Copy each record below faithfully, leaving out images.

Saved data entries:
Segment Open

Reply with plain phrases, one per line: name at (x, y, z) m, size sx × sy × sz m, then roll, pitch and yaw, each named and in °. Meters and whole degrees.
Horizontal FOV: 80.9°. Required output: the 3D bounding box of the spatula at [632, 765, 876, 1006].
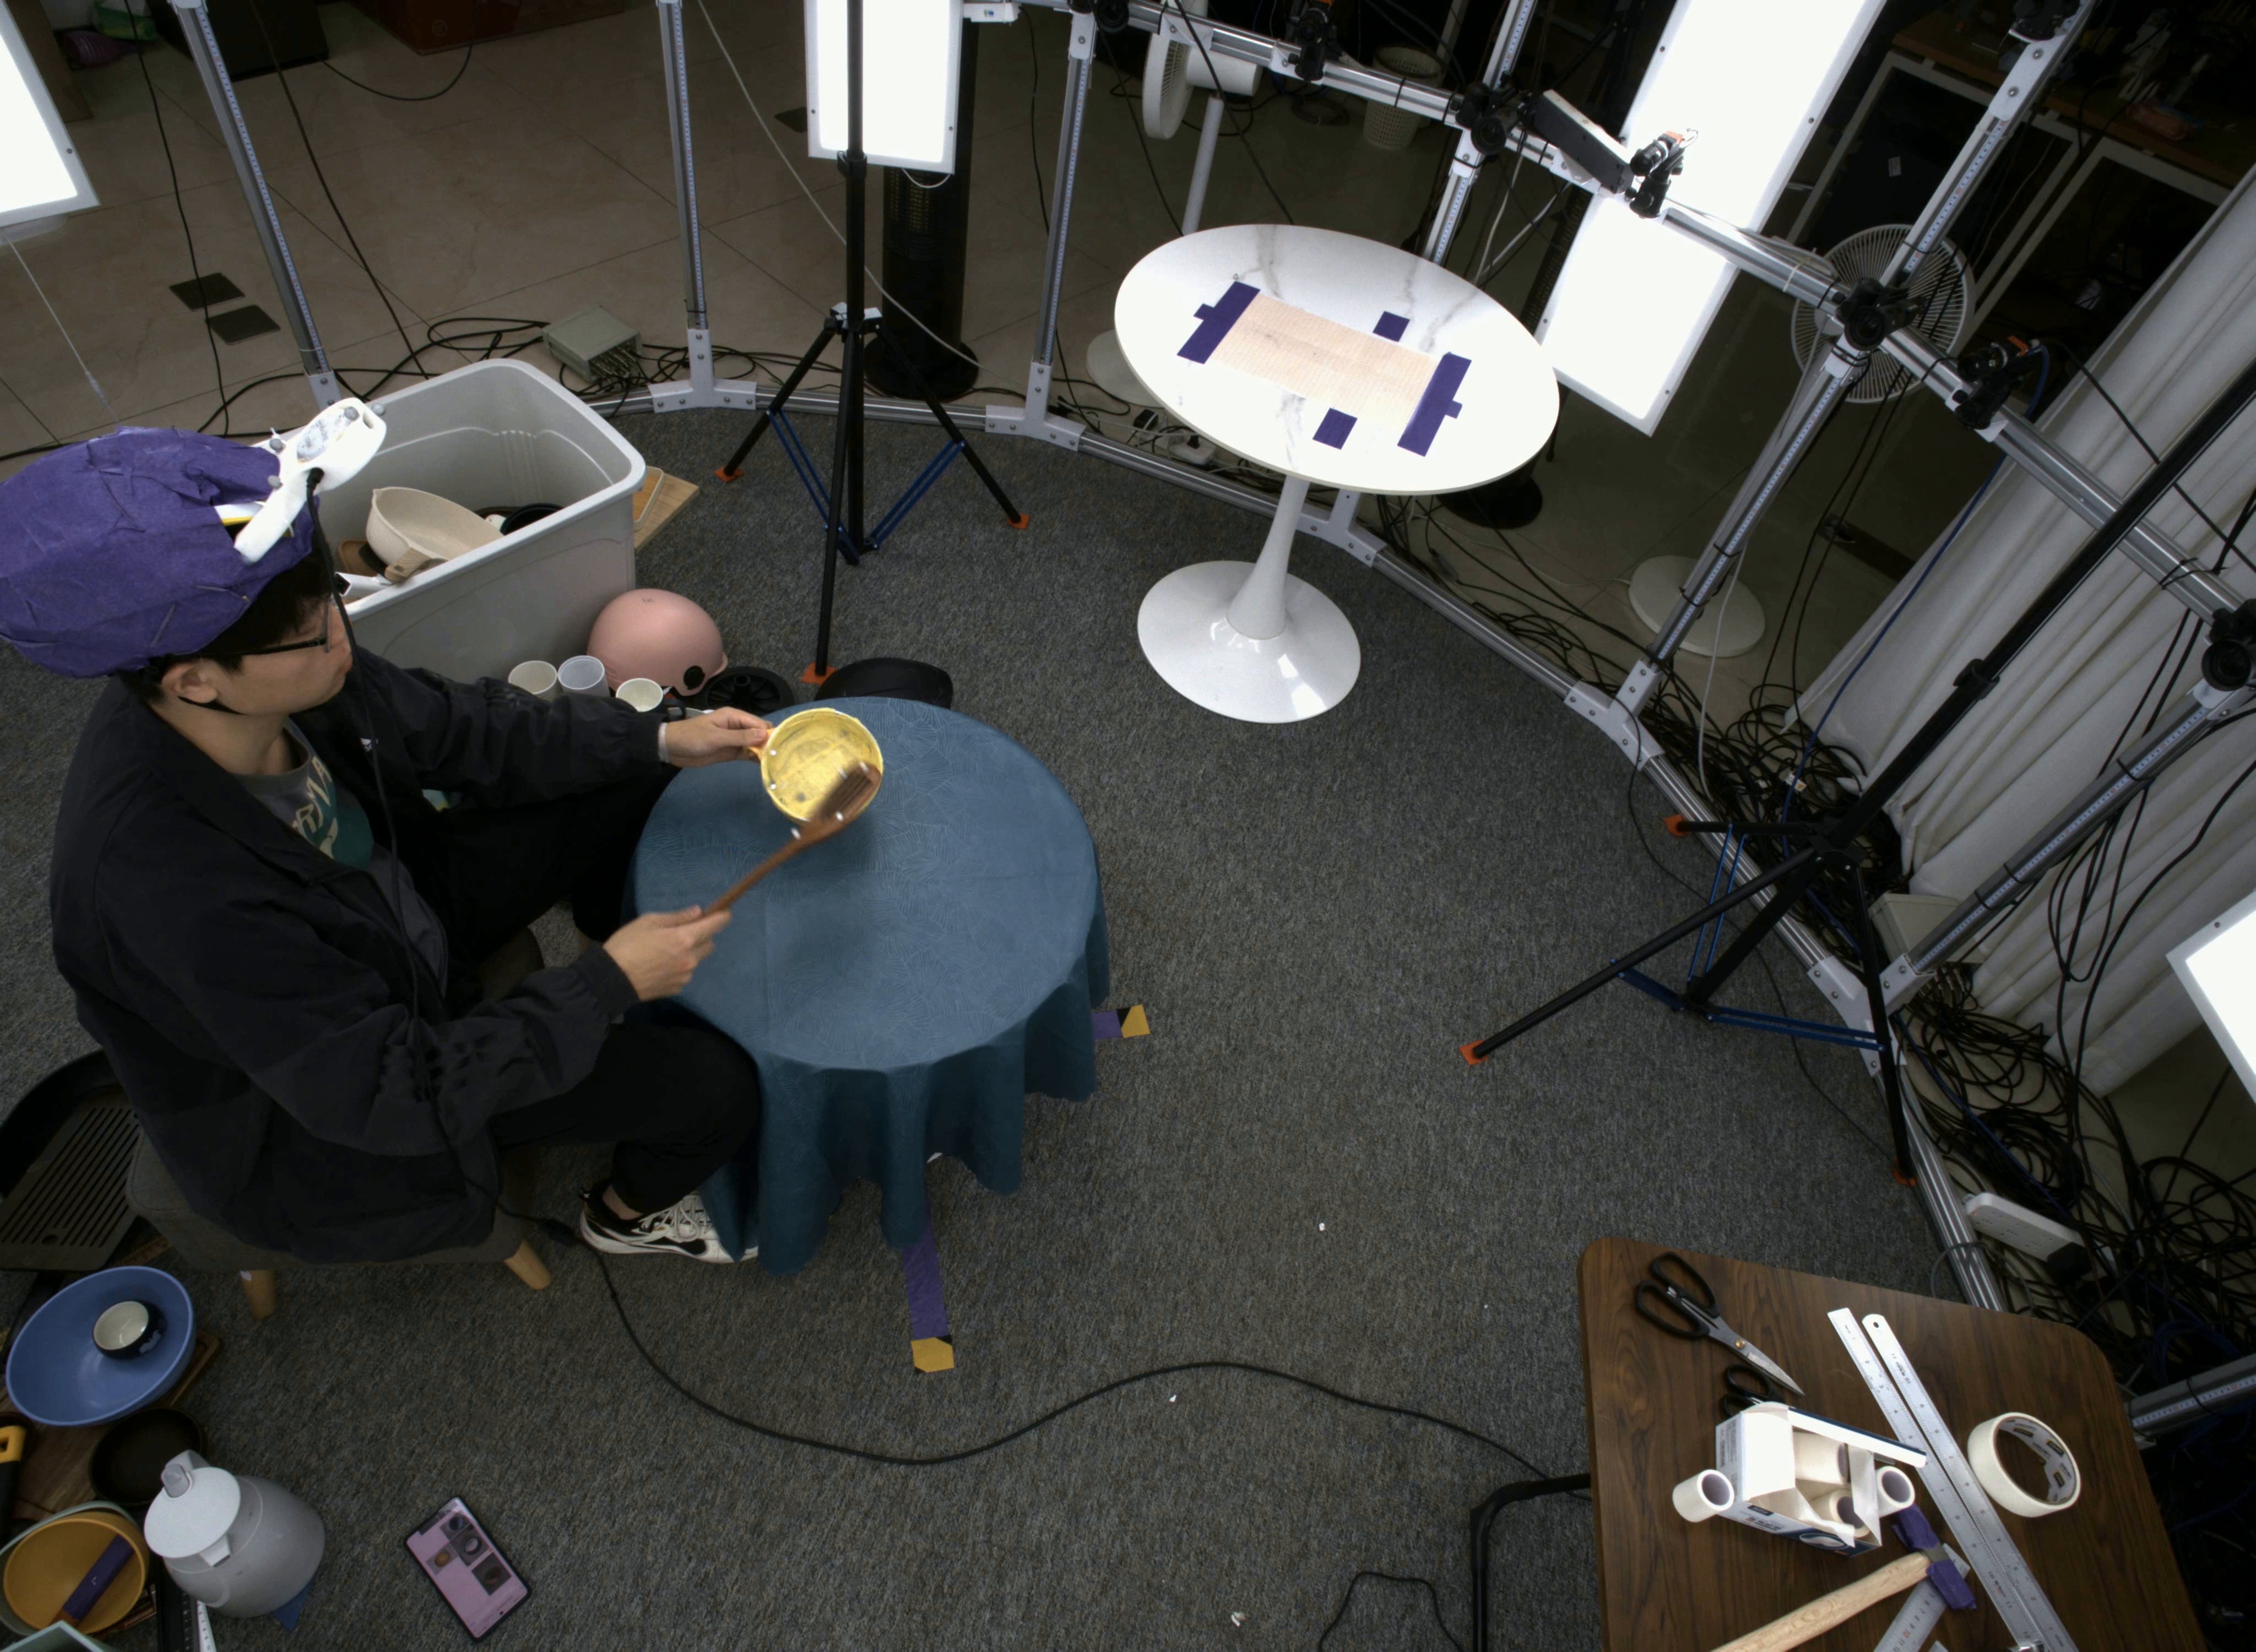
spatula at (-0.427, 0.063, 1.487) m, size 0.082 × 0.025 × 0.386 m, roll 8°, pitch 47°, yaw 45°

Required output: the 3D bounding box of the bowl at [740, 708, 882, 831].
bowl at (-0.410, -0.074, 1.673) m, size 0.180 × 0.074 × 0.152 m, roll 17°, pitch 71°, yaw -12°

Segment Closed

- **Answer box**
Reply with plain phrases, one per line: name at (x, y, z) m, size sx × sy × sz m, then roll, pitch and yaw, each named and in °. Meters and whole degrees.
Horizontal FOV: 80.9°. Required output: the 3D bounding box of the spatula at [632, 765, 876, 1006].
spatula at (-0.427, 0.063, 1.487) m, size 0.082 × 0.025 × 0.386 m, roll 8°, pitch 47°, yaw 45°

Required output: the 3D bounding box of the bowl at [740, 708, 882, 831].
bowl at (-0.410, -0.074, 1.673) m, size 0.180 × 0.074 × 0.152 m, roll 17°, pitch 71°, yaw -12°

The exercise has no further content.